ГУЛАГ уже не тот, но кое-что осталось - страница 3

Шрифт
Интервал


Ну, а я упрямым с детства был. Если уж уцепился, то не отпущу. Приходилось матери возвращаться.

Я, как и все мы, по-детски все время старался заботиться о ней. В школе всегда по праздникам сладкие подарки давали. А школа далековато была. Пока донесешь эти подарки до дому, слюной изойдешь, но мать обязательно надо было угостить. Она ругала меня за это, мол, ребенок еще, сам бы съел, но я упрямо приносил ей сладенькое.
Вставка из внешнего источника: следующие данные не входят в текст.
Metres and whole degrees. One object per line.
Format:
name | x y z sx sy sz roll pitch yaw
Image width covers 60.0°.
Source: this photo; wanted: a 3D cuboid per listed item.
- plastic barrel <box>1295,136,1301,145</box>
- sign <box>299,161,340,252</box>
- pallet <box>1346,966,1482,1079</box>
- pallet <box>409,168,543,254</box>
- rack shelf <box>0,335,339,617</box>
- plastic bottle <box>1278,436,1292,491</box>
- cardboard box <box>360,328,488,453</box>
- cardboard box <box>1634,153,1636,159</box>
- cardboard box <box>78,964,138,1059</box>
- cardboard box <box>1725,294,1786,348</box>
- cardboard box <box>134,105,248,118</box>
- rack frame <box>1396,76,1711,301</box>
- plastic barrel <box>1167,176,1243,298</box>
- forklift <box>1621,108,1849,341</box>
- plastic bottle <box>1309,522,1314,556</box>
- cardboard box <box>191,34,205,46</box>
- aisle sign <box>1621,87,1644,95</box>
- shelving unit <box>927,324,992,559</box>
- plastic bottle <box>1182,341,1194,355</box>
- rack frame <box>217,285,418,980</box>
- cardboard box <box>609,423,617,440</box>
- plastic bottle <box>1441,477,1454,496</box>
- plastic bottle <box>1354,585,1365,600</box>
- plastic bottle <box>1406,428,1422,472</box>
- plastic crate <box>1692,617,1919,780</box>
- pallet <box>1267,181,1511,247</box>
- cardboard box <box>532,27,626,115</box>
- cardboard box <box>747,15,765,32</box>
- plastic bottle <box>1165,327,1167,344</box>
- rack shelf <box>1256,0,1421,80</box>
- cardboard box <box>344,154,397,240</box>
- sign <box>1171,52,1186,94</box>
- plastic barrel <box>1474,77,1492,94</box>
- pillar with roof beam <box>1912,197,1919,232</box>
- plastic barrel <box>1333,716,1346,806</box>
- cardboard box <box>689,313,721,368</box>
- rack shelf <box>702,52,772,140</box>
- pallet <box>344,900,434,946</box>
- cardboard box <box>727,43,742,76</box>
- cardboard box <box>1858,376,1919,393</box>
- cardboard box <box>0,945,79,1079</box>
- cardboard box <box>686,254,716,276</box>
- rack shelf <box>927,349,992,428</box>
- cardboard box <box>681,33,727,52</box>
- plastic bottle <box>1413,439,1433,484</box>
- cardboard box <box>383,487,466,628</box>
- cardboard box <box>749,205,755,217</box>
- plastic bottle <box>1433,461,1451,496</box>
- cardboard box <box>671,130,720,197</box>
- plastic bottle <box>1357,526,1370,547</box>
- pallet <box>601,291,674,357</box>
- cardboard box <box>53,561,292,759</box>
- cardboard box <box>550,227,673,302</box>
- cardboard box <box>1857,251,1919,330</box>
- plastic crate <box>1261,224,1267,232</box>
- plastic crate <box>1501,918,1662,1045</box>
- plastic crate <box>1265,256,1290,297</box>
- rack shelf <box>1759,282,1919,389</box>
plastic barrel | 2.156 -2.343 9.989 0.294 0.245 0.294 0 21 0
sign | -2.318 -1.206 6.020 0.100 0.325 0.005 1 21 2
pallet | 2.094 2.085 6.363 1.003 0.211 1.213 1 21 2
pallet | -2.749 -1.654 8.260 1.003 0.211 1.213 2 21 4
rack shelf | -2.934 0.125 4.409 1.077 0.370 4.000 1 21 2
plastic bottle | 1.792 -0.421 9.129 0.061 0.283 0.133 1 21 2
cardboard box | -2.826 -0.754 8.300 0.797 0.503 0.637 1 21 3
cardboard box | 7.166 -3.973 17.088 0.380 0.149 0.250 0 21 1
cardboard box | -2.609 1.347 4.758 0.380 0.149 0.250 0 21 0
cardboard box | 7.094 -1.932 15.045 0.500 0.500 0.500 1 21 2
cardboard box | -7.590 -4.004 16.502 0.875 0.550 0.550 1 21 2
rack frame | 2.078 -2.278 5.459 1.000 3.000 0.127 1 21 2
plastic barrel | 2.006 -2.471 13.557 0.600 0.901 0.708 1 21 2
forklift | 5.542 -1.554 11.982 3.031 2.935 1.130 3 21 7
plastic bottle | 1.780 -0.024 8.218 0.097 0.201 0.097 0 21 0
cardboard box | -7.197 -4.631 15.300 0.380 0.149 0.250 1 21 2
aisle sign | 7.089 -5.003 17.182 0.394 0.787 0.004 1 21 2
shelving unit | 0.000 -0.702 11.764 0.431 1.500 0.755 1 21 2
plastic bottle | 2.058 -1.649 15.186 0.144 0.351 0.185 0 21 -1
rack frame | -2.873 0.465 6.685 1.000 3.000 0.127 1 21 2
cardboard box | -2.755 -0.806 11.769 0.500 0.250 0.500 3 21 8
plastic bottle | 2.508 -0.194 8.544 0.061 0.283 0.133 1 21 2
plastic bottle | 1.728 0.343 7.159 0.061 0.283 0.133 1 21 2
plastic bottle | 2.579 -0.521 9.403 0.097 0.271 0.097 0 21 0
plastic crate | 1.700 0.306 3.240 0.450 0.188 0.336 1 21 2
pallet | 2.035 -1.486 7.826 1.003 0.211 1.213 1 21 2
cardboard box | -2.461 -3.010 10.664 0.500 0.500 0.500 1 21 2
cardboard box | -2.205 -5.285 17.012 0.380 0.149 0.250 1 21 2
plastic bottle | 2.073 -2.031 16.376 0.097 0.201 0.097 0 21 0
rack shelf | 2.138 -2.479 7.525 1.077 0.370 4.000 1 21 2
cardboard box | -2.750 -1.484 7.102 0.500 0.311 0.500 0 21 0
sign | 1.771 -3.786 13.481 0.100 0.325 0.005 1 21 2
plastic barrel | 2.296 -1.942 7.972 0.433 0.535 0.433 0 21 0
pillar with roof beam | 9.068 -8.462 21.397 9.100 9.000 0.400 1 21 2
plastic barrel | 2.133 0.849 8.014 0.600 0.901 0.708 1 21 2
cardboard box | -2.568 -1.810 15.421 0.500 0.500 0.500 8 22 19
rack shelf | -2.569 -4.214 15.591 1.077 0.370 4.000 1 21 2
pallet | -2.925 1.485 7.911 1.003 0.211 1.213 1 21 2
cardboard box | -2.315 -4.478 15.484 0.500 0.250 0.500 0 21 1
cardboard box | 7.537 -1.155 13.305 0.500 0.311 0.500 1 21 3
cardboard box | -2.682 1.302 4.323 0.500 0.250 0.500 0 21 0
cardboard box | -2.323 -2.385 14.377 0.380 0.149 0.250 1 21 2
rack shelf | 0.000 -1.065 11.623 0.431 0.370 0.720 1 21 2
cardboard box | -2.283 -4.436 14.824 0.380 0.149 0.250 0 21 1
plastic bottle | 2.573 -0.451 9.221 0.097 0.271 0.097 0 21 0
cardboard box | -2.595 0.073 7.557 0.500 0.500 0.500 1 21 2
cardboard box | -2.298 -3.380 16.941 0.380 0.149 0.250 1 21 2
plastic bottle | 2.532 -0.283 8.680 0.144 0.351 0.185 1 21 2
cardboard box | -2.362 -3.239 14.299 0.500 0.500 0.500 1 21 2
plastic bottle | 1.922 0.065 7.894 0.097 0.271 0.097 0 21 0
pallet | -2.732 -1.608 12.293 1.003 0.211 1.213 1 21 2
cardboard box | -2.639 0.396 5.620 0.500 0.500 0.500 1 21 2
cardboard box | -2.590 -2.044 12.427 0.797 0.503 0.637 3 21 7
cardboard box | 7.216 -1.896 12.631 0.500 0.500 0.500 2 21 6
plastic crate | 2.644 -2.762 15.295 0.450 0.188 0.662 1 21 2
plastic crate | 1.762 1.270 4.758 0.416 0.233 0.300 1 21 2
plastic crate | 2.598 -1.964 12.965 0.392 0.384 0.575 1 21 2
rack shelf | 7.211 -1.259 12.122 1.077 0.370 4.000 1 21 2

Конечно, съедал подарок в основном я, а мать для отвода глаз попробует одну-две конфетки. Но главное, я принес подарок домой, а не съел его по дороге.

Мать до Спаса не ела яблоки, а белый налив к этому времени отходил, и мать никогда его даже не пробовала. Я как-то после Спаса в соседском саду увидел высоко на яблоне спелый белый налив. Сразу же возникла мысль, угостить маму. Но как его достать? Сбивать нельзя, разобьется. Надо залезать. Добрался я все-таки до него, положил за пазуху, и довольный пришел домой угощать мать. Опять та же ситуация:

– Сам бы съел, вон сколько яблок-то.

– Это же белый налив, да какой наливной, а Вы такого никогда не пробовали.

Прослезилась мать, но яблоко взяла.

Надо сказать, к матери мы все обращались на «Вы» в знак высочайшего к ней уважения. У меня никогда не поворачивался язык назвать ее мачехой. Вторая мать – другое дело. Не мачеха она, а Мать с большой буквы. Да, строгой материнской любви и ласки ребенку не хватало, но он был счастлив, что у него есть мать.

Вспоминается один случай. Мать уже тяжело болела. Старшие были в школе, а я должен был приглядывать за матерью. Ко мне зашли друзья и позвали покататься на коньках на прудах, где летом пеньку мочили.

– Не, ребята, я не могу. Мне матери помогать надо.

– Ничего, сынок, мне пока ничего не надо. Иди покатайся с ребятами.

Естественно, я увлекся и довольно долго развлекался, а когда вспомнил про мать, сильно испугался, что накажет. У нее всегда в изголовье большой кленовый прут лежал. Никогда никого она им не наказала, но все этого боялись. Пришел домой сам не свой, сильно расстроился. Мать поняла это и сказала:

– Ничего, сынок, у меня все в порядке, а ты покатался, и хорошо.

На всю жизнь запомнил это.

Я с малых лет любил мастерить. Отец где-то раздобыл трофейные немецкие рубанок и маленький топорик. Ими я и мастерил. Городки, ходули, скворечники и разную мелочь. Но наиболее сложным для меня изделием были деревянные коньки. Надо было аккуратно вытесать треугольный брусок с заострением спереди, на ребро пристроить проволоку, сбоку забить четыре скобки, привязать к ним веревочки. Коньки привязывались к валенкам, и катайся, сколько хочешь.